-- Opening Marker --

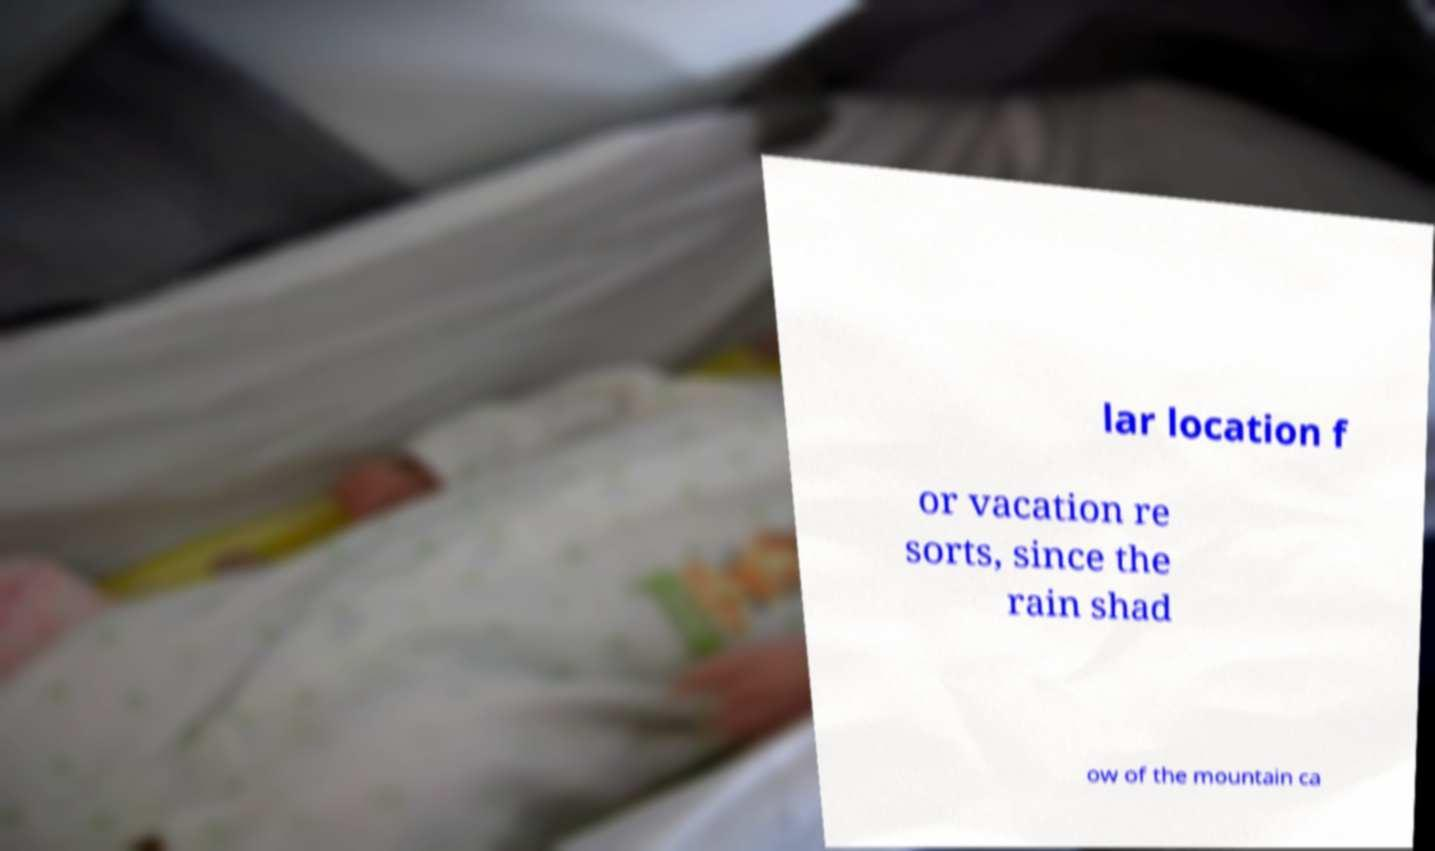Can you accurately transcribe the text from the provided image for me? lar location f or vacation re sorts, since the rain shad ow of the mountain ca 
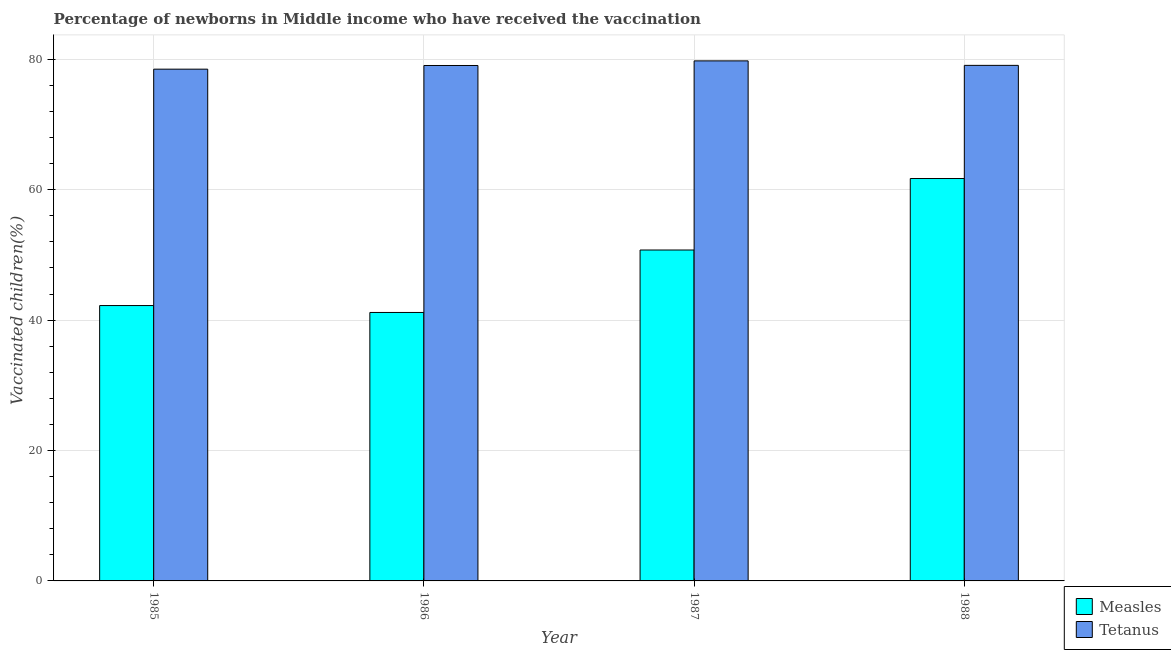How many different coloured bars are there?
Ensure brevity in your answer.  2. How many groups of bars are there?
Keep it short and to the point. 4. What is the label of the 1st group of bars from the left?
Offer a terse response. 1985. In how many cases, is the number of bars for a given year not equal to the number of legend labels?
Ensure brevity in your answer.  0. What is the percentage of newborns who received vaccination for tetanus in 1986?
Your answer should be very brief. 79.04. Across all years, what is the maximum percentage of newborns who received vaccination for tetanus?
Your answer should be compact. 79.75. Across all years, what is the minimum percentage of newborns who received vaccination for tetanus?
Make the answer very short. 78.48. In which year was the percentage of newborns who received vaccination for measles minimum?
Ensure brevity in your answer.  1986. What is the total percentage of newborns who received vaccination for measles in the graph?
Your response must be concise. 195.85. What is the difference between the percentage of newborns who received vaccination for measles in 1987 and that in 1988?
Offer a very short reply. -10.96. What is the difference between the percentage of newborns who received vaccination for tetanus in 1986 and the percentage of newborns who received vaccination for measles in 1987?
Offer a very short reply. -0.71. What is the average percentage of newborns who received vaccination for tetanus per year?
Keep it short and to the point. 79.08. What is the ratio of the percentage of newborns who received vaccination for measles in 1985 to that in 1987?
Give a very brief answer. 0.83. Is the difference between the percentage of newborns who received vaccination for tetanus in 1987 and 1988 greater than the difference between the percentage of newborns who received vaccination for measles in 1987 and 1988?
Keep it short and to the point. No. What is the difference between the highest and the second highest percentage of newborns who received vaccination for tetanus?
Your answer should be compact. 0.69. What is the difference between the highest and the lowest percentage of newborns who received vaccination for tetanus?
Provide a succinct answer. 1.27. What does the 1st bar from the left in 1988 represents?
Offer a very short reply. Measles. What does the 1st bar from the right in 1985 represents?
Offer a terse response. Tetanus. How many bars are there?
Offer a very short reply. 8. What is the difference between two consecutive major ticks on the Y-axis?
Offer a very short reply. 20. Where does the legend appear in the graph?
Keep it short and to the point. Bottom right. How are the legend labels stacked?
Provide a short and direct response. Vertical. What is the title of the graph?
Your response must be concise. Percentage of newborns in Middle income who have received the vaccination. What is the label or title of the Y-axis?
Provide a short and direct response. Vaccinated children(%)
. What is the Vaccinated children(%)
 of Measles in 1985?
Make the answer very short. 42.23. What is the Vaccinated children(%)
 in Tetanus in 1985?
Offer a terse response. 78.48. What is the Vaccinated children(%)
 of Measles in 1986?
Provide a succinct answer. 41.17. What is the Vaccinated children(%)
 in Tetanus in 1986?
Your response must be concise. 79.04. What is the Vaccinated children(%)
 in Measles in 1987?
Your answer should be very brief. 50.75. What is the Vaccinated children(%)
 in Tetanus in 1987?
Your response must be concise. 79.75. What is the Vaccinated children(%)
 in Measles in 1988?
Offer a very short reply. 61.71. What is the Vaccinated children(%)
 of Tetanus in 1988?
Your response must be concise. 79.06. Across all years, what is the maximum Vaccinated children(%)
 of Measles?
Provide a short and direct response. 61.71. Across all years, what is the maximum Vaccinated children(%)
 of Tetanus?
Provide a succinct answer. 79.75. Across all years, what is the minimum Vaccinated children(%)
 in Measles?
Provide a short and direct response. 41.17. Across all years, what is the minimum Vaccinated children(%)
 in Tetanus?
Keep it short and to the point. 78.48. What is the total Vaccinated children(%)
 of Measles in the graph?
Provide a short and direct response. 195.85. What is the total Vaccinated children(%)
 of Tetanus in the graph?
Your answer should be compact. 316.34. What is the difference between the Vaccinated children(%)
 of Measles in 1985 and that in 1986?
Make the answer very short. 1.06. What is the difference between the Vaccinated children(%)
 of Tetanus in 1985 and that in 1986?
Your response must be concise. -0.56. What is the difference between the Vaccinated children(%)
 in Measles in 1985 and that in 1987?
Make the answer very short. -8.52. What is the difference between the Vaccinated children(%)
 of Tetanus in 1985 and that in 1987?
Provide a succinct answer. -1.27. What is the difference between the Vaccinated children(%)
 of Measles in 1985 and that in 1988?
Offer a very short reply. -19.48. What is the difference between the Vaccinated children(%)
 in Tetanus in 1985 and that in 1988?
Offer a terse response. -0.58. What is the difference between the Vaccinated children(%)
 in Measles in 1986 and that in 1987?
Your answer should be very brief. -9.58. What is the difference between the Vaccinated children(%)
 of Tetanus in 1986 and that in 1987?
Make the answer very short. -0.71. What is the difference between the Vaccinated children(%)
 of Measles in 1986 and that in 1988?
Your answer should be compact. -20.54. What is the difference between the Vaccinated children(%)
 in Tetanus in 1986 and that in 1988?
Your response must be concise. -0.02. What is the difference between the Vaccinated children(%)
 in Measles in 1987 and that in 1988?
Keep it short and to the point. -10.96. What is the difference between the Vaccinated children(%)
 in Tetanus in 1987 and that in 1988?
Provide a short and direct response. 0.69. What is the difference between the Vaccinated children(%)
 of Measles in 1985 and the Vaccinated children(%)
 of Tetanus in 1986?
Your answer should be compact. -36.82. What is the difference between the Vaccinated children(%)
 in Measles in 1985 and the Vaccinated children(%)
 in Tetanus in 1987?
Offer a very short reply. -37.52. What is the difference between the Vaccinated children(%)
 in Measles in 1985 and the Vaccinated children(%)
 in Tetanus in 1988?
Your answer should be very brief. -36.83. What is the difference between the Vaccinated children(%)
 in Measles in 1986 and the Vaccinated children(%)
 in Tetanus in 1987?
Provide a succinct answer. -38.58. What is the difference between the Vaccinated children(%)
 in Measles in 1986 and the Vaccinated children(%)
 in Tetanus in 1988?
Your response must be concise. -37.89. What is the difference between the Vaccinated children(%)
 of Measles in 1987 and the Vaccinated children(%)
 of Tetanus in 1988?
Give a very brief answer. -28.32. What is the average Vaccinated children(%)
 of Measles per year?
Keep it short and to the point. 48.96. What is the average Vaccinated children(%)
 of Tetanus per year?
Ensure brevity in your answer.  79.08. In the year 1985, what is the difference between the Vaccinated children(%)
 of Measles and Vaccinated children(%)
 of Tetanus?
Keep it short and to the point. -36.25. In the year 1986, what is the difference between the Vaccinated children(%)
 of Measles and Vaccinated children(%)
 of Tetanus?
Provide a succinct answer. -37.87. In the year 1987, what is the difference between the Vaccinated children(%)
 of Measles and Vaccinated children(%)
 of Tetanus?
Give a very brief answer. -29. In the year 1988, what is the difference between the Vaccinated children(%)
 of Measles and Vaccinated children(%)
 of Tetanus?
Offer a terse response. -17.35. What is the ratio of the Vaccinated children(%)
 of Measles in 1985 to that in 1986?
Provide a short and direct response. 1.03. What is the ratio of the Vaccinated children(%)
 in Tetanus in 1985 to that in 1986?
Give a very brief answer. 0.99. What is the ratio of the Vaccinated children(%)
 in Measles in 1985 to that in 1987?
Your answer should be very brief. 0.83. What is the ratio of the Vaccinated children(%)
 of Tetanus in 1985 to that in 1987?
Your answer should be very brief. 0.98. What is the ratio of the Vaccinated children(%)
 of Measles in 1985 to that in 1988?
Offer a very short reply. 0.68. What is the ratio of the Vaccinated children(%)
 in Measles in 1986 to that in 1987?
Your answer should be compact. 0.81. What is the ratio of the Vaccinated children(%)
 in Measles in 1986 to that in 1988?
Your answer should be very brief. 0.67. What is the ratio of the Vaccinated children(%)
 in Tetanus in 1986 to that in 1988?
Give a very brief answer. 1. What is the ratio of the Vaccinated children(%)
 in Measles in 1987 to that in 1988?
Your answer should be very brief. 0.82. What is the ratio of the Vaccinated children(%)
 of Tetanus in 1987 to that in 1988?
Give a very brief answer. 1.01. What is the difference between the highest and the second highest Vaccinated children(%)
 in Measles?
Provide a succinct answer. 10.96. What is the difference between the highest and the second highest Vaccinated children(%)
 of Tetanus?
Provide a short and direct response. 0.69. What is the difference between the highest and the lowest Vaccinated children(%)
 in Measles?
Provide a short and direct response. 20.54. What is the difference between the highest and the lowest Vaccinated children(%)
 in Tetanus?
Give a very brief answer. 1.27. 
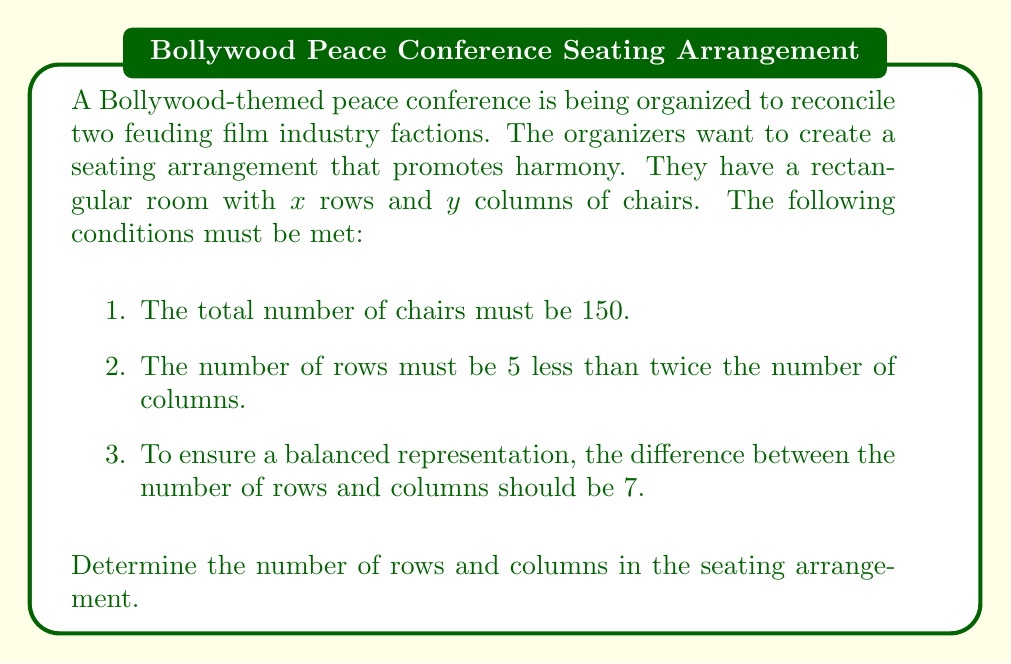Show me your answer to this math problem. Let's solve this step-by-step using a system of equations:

-- Closing Marker --

Task brief -> Report every line of the entries that carries the word "total".

Result for this exercise ->
Ensure brevity in your answer.  1986. What is the total percentage of newborns who received vaccination for measles in the graph?
Keep it short and to the point. 78.48. What is the total Vaccinated children(%)
Provide a short and direct response. 195.85. What is the total Vaccinated children(%)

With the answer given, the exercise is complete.